Talking Shop with Lane Wagner: How Boot.dev Develops AI Features
I recently had the chance to sit down with Lane Wagner, the founder of boot.dev, to talk about how they're using AI to create a better learning experience for coders (850K users). My background is in data science and AI, but I used boot.dev to learn more full-stack skills to be able to ship and deliver products. And now as a course creator on the platform (keep an eye out for my upcoming RAG course), I've seen how they're integrating technology to help people learn.
I was personally excited about this for several reasons. First, I know Lane’s work well and he makes great content. Second, as someone who is creating a course, hearing more about how AI is used in education is very valuable. And finally, my interest is in helping people incorporate AI into their careers and real products - hearing details from people “on the ground” in industry lets me make our course more practical. Here’s a 30% discount link for our course.
My philosophy has always been that you don't just learn to code and then go code; you learn to code so you can code to learn more. It's a continuous journey, and Lane and his team are building tools that lean right into that idea. Here's a look into our conversation about what it really takes to build useful AI features.
Boot.dev is a fantastic platform and way to learn backend development skills. I took it myself as a paying student and completed the full curriculum. If you’re interested in backend development to help ship products, sign up here for a discount.
What is boot.dev?
Boot.dev is an online curriculum focused on backend development. You learn languages like Python and Go through hands-on, in-browser coding exercises.
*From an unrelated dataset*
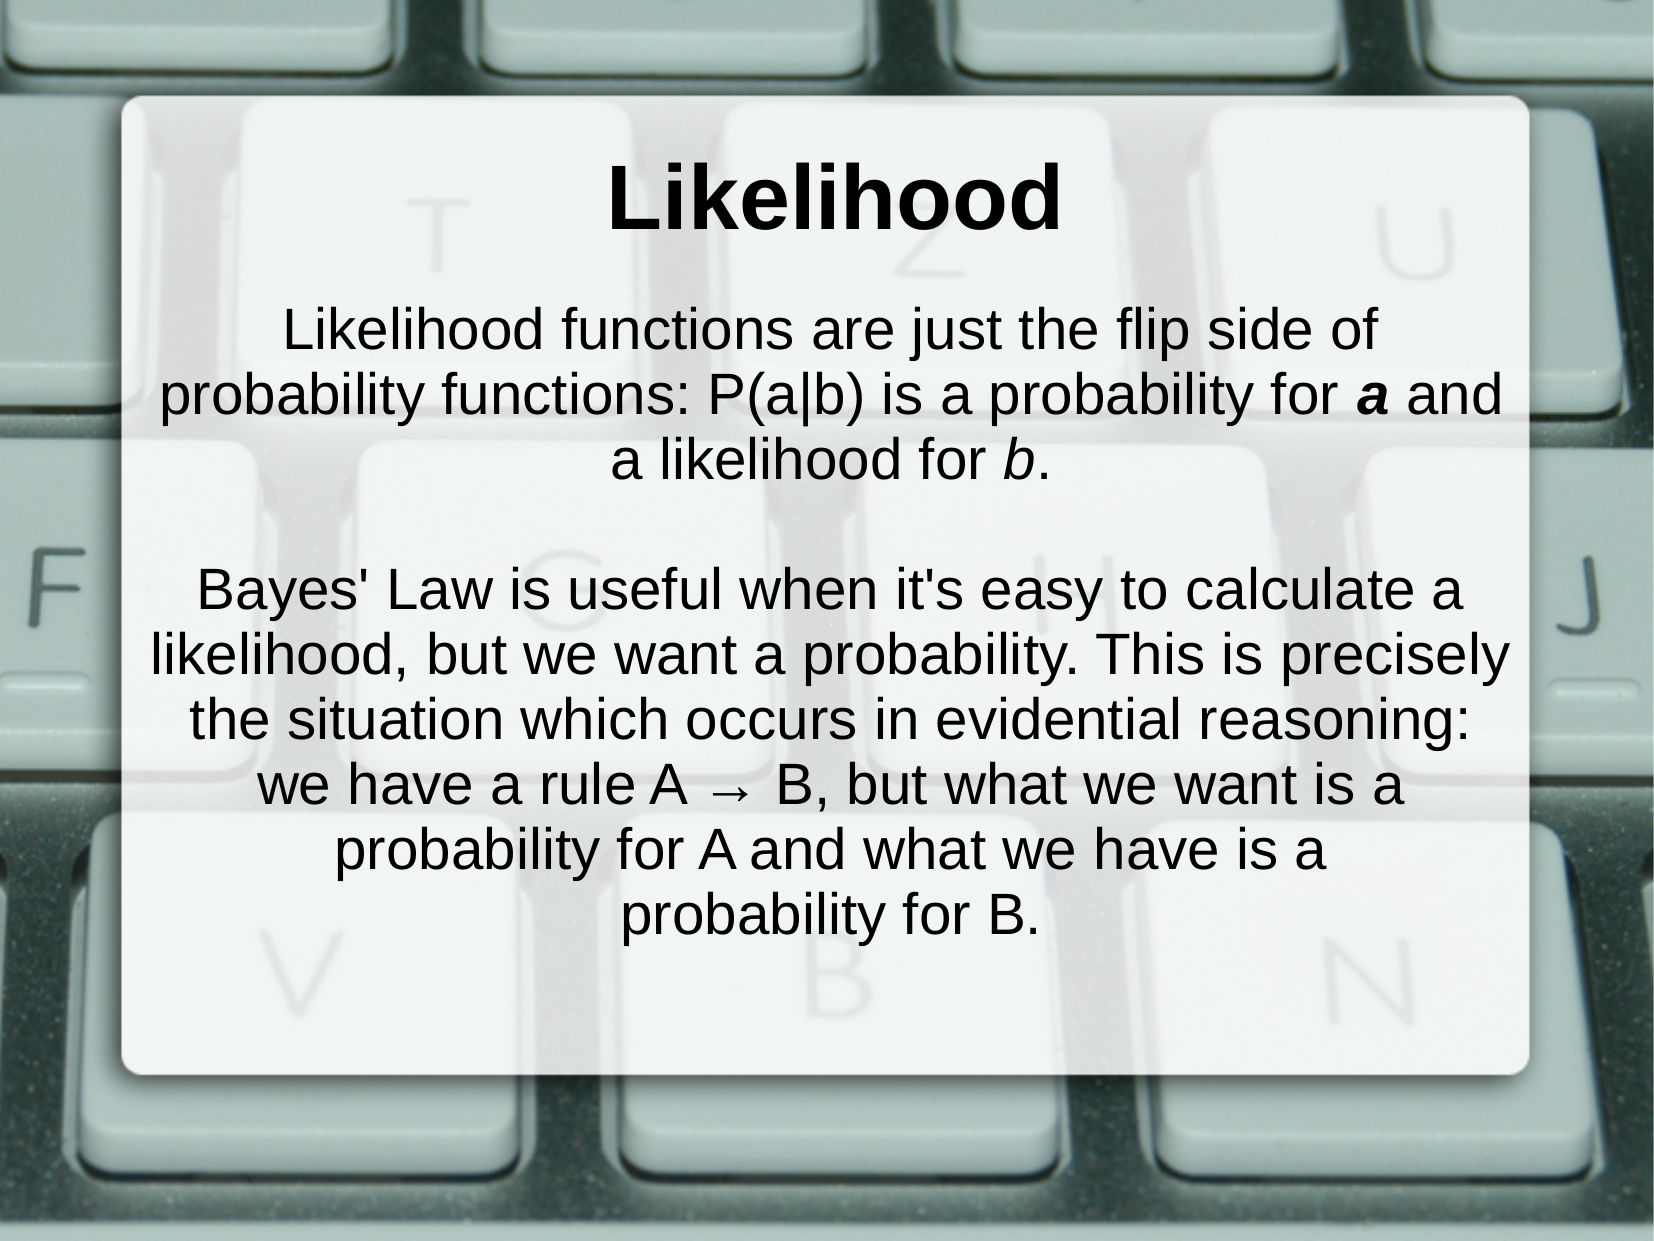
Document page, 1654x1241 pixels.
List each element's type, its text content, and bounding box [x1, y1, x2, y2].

The platform features a built-in AI chatbot, "Boots," that has full context of what you're working on—from your code editor to the output window—to help you when you run into a wall.
But just having a chatbot doesn’t make for a fantastic experience. It's what you feed it that makes the chatbot valuable.
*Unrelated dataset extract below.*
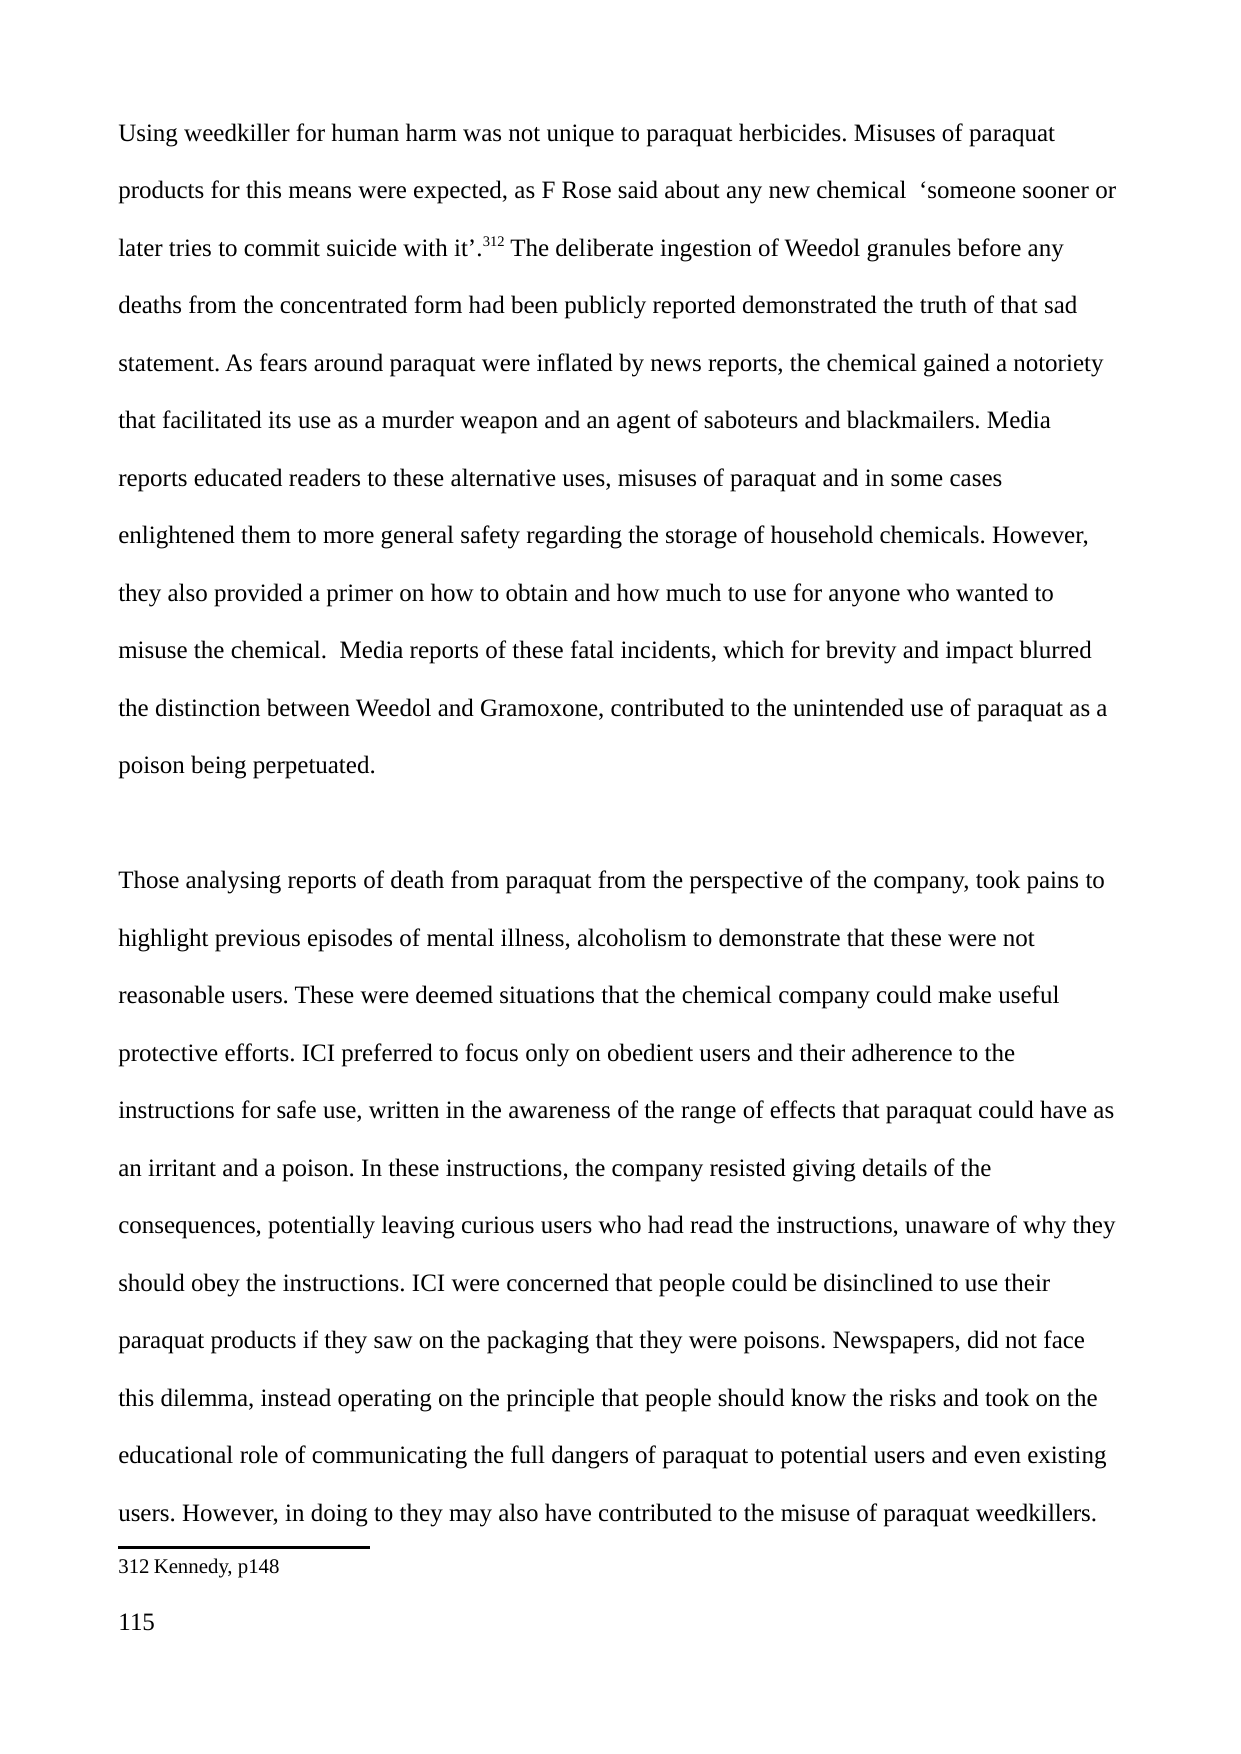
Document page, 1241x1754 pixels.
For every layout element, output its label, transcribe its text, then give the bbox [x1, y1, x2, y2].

text Using weedkiller for human harm was not unique to paraquat herbicides. Misuses of paraquat products for this means were expected, as F Rose said about any new chemical ‘someone sooner or later tries to commit suicide with it’. The deliberate ingestion of Weedol granules before any deaths from the concentrated form had been publicly reported demonstrated the truth of that sad statement. As fears around paraquat were inflated by news reports, the chemical gained a notoriety that facilitated its use as a murder weapon and an agent of saboteurs and blackmailers. Media reports educated readers to these alternative uses, misuses of paraquat and in some cases enlightened them to more general safety regarding the storage of household chemicals. However, they also provided a primer on how to obtain and how much to use for anyone who wanted to misuse the chemical. Media reports of these fatal incidents, which for brevity and impact blurred the distinction between Weedol and Gramoxone, contributed to the unintended use of paraquat as a poison being perpetuated. [118, 118, 1122, 779]
text Kennedy, p148 [118, 1553, 1122, 1578]
text Those analysing reports of death from paraquat from the perspective of the company, took pains to highlight previous episodes of mental illness, alcoholism to demonstrate that these were not reasonable users. These were deemed situations that the chemical company could make useful protective efforts. ICI preferred to focus only on obedient users and their adherence to the instructions for safe use, written in the awareness of the range of effects that paraquat could have as an irritant and a poison. In these instructions, the company resisted giving details of the consequences, potentially leaving curious users who had read the instructions, unaware of why they should obey the instructions. ICI were concerned that people could be disinclined to use their paraquat products if they saw on the packaging that they were poisons. Newspapers, did not face this dilemma, instead operating on the principle that people should know the risks and took on the educational role of communicating the full dangers of paraquat to potential users and even existing users. However, in doing to they may also have contributed to the misuse of paraquat weedkillers. [118, 866, 1122, 1527]

The Secret is "Context Engineering"
When AI APIs first became widely available, the boot.dev team immediately integrated a chatbot. Lane candidly shared that their first version was basic:
“It was 3.5 turbo at the time. And…good luck. Just copy and paste what you want to know about into the chat.” - Lane
They quickly realized the key to making the AI helpful was providing the right context. This process of "context engineering" has been their main focus.
Iteration 1: Add the current lesson content to the AI's context.
Iteration 2: Add the student's code from the editor.
The Next Big Step: Giving the AI a much broader, more personalized view of the student's journey. This included past lessons they struggled with, previous conversations with the AI, and even mastery scores on specific topics.
Lane's big takeaway?
"Giving the right context to the LLM is like all the work." - Lane
Without it, you get "AI slop." With it, the chat feels truly personalized. He also noted that just dumping everything into the context window isn't the answer. Bigger context windows are slower, more expensive, and can often lead to worse results. The goal is to provide the minimum amount of relevant information.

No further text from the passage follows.